Bayesian inference for a covariance matrix (1408.4050v2)

Published 18 Aug 2014 in stat.ME

Abstract: Covariance matrix estimation arises in multivariate problems including multivariate normal sampling models and regression models where random effects are jointly modeled, e.g. random-intercept, random-slope models. A Bayesian analysis of these problems requires a prior on the covariance matrix. Here we assess, through a simulation study and a real data set, the impact this prior choice has on posterior inference of the covariance matrix. Inverse Wishart distribution is the natural choice for a covariance matrix prior because its conjugacy on normal model and simplicity, is usually available in Bayesian statistical software. However inverse Wishart distribution presents some undesirable properties from a modeling point of view. It can be too restrictive because assume the same amount of prior information about every variance parameters and, more important, it shows a prior relationship between the variances and correlations. Some alternatives distributions has been proposed. The scaled inverse Wishart distribution, which give more flexibility on the variance priors conserving the conjugacy property but does not eliminate the prior relationship between variances and correlations. Secondly, it is possible to fit separate priors for individual correlations and standard deviations. This strategy eliminates any prior relationship within the covariance matrix parameters, but it is not conjugate and therefore computationally slow.

Citations (176)

View on Semantic Scholar

Summary

The paper's main contribution shows that prior choices critically influence Bayesian covariance matrix estimation, with the inverse Wishart introducing notable biases.
It contrasts several methodologies, including scaled and hierarchical priors as well as a separation strategy, to enhance flexibility in modeling variance and correlation.
Simulation studies and practical analysis demonstrate actionable insights for optimal prior selection, emphasizing computational trade-offs and potential improvements with Hamiltonian Monte Carlo.

Bayesian Inference for a Covariance Matrix

The paper by Ignacio Alvarez, Jarad Niemi, and Matt Simpson from Iowa State University addresses the complexities of covariance matrix estimation within Bayesian frameworks. Covariance matrices are central to multivariate analyses, impacting models such as multivariate normal sampling and random-effect regression. The principal focus of this paper is to assess various prior distributions for covariance matrices, which significantly influence posterior inferences.
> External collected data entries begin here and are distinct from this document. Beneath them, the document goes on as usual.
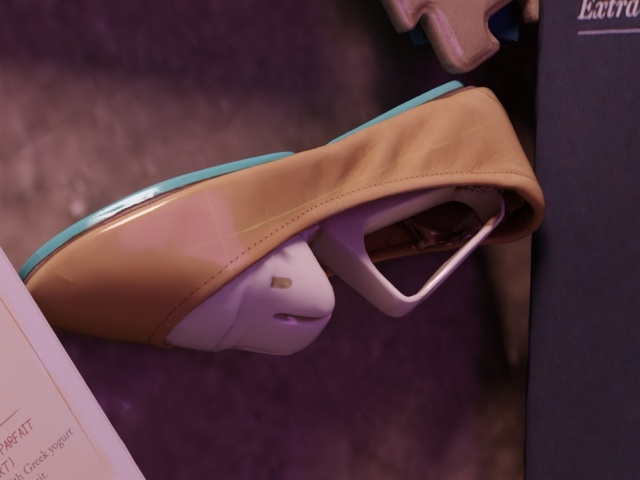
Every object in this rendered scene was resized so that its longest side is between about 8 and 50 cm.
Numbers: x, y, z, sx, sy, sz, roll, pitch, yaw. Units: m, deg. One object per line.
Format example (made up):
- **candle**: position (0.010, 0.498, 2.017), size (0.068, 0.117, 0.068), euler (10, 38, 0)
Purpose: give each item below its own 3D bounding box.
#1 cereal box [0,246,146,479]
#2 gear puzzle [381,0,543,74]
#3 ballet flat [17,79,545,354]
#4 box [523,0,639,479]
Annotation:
- **cereal box**: position (-0.140, 0.060, 0.436), size (0.173, 0.047, 0.240), euler (-40, 109, -33)
- **gear puzzle**: position (0.017, -0.240, 0.737), size (0.175, 0.044, 0.339), euler (-37, 106, -34)
- **ballet flat**: position (0.000, 0.000, 0.662), size (0.232, 0.080, 0.073), euler (-24, 74, -38)
- **box**: position (0.251, 0.077, 0.699), size (0.212, 0.293, 0.396), euler (-1, 94, -40)
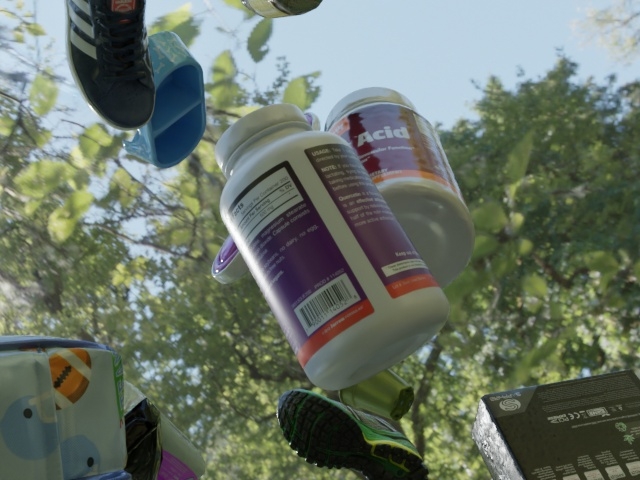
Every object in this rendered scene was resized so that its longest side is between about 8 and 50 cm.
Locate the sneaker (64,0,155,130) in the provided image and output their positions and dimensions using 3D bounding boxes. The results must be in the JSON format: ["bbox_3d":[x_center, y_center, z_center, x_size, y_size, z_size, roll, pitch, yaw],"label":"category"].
[{"bbox_3d":[-0.308,-0.336,1.189,0.131,0.148,0.349,-20,-72,-32],"label":"sneaker"}]

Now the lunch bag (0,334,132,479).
[{"bbox_3d":[-0.271,0.133,0.465,0.304,0.243,0.114,2,-107,-39],"label":"lunch bag"}]

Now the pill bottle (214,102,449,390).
[{"bbox_3d":[0.000,0.000,0.941,0.182,0.322,0.181,-26,-20,-10],"label":"pill bottle"}]

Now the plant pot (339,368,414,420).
[{"bbox_3d":[0.082,0.203,1.076,0.083,0.079,0.083,-28,-50,-40],"label":"plant pot"}]

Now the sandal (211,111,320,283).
[{"bbox_3d":[-0.115,-0.109,1.578,0.102,0.169,0.416,35,-117,-24],"label":"sandal"}]

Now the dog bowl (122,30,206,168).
[{"bbox_3d":[-0.284,-0.243,1.457,0.166,0.074,0.297,-43,-17,-25],"label":"dog bowl"}]

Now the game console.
[{"bbox_3d":[-0.300,0.344,0.879,0.361,0.044,0.213,-41,-27,-51],"label":"game console"}]

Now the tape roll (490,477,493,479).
[{"bbox_3d":[0.374,0.408,1.321,0.100,0.286,0.286,39,-102,7],"label":"tape roll"}]

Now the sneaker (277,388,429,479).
[{"bbox_3d":[0.057,0.413,1.666,0.344,0.146,0.134,32,-83,-11],"label":"sneaker"}]

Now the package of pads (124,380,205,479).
[{"bbox_3d":[-0.324,0.366,1.140,0.296,0.101,0.229,-42,-33,-14],"label":"package of pads"}]

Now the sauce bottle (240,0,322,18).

The research contrasts several priors—namely, the inverse Wishart, scaled inverse Wishart, hierarchical inverse Wishart, and a separation strategy—highlighting their implications and potential biases in Bayesian analysis.
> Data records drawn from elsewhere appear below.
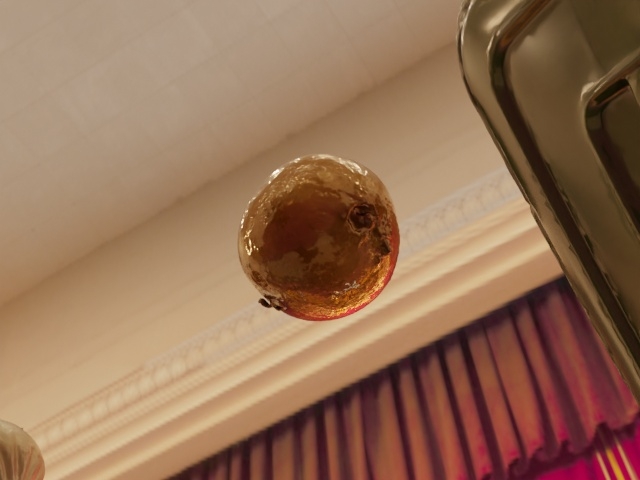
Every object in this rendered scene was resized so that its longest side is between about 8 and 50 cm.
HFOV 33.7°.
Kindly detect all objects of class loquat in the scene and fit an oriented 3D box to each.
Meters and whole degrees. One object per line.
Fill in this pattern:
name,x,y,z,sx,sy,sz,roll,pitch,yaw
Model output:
loquat,0.000,0.000,0.880,0.141,0.141,0.141,-2,-59,-3

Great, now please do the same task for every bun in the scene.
bun,-0.341,0.260,1.085,0.138,0.094,0.138,-22,-54,-34

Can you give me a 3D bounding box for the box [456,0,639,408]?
box,0.233,-0.035,0.473,0.178,0.328,0.253,-19,-12,-29
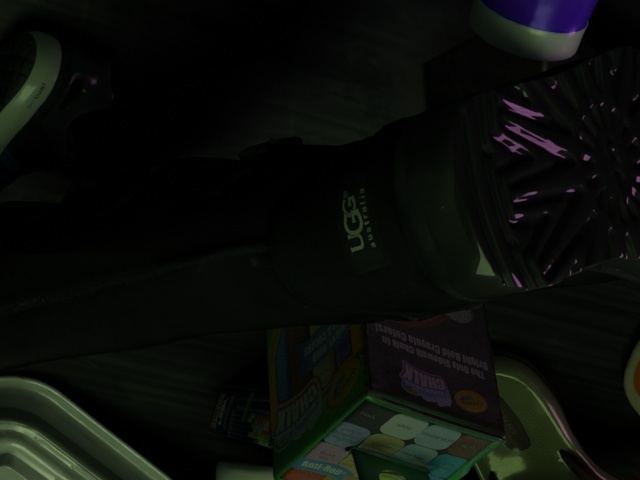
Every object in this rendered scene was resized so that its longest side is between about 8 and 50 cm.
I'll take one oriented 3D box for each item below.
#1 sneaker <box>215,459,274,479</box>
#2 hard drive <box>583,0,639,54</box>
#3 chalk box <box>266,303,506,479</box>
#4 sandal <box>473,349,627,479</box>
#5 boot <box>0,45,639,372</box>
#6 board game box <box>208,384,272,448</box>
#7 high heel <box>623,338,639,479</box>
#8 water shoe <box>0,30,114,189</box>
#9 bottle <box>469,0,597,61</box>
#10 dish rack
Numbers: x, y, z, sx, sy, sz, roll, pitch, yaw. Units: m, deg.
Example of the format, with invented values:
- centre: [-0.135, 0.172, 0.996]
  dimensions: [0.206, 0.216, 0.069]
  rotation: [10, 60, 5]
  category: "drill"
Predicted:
- centre: [-0.028, 0.279, 1.376]
  dimensions: [0.104, 0.147, 0.296]
  rotation: [6, 163, 17]
  category: "sneaker"
- centre: [0.226, -0.178, 0.981]
  dimensions: [0.172, 0.054, 0.254]
  rotation: [-26, 135, 25]
  category: "hard drive"
- centre: [0.047, 0.121, 1.204]
  dimensions: [0.132, 0.213, 0.132]
  rotation: [21, 134, -26]
  category: "chalk box"
- centre: [0.202, 0.229, 1.372]
  dimensions: [0.120, 0.086, 0.303]
  rotation: [-33, 109, 22]
  category: "sandal"
- centre: [-0.001, 0.000, 1.032]
  dimensions: [0.445, 0.146, 0.367]
  rotation: [-16, 172, 37]
  category: "boot"
- centre: [0.010, 0.171, 1.340]
  dimensions: [0.170, 0.048, 0.141]
  rotation: [20, 168, -25]
  category: "board game box"
- centre: [0.335, 0.140, 1.381]
  dimensions: [0.117, 0.082, 0.244]
  rotation: [-29, 130, -26]
  category: "high heel"
- centre: [-0.211, -0.059, 1.082]
  dimensions: [0.080, 0.073, 0.203]
  rotation: [15, 140, -32]
  category: "water shoe"
- centre: [0.150, -0.232, 0.830]
  dimensions: [0.118, 0.092, 0.283]
  rotation: [14, 123, -1]
  category: "bottle"
- centre: [-0.253, 0.284, 1.442]
  dimensions: [0.285, 0.072, 0.333]
  rotation: [-31, 119, 30]
  category: "dish rack"

Prior Distributions Explored

Inverse Wishart (IW) Prior: Commonly used due to its conjugacy, the IW prior is criticized for its lack of flexibility. The degree of freedom parameter emasculates its ability to address varied uncertainty across different variance components. Moreover, its marginal distribution underestimates near-zero variances and imposes a correlation dependence with variances, potentially biasing posterior estimates (especially towards zero correlations when variances are underestimated).
Scaled Inverse Wishart (SIW) Prior: This approach adds parameters to the IW prior for enhanced flexibility, particularly allowing individual variance components to be modeled via log-normal distributions. Despite this improvement, correlations are modeled similarly to IW, maintaining uniform distribution features.
Hierarchical Half-t (HIW $_{ht}$ ) Prior: This recent proposal incorporates half-t distributed standard deviations, which are advantageous to overcome the zero-bound problem seen with IW. The correlation distribution remains similar, permitting flexibility in standard deviations' prior choice.
Separation Strategy (SS): By decomposing the covariance matrix into independent components for variance and correlation, SS offers notable modeling adaptability, detaching correlation estimation from variances. This approach, though computationally intensive, provides unaffected correlation estimations with any variance or correlation values.

Results from Simulations and Practical Analysis

The paper presents simulation studies highlighting the impact of these priors on posterior inference—detailing biases inherent to certain prior choices. Notably, when employing an IW prior under circumstances with small empirical variances, posterior estimations can be skewed towards larger variances and zero correlations. This bias is potentially mitigated under larger sample sizes but remains prominent in conditions of small-scale variances.

In practical applications involving bird count data from the Superior National Forest, a real-world correlation estimation underscored the degree to which prior choice affects results. The paper confirmed that choosing total counts over mean counts mitigates IW prior biases, promoting effective variance and correlation recovery.

Implications and Future Directions

The implications of this research underscore the importance of prior choice in Bayesian covariance matrix estimation. Each prior comes with computational and theoretical trade-offs, emphasizing the need for careful consideration based on the specifics of the dataset and desired computational efficiency.

For future developments, leveraging Hamiltonian Monte Carlo methods, such as implemented in Stan, may relax some computational constraints traditionally associated with non-conjugate priors like the SS. Exploring new priors or adapting current ones could provide better bias control, particularly in scenarios where variance scaling is troublesome with existing methodologies.

The insights from this paper contribute to enhancing Bayesian estimation techniques, promoting more precise and unbiased inference approaches in multivariate statistical modeling.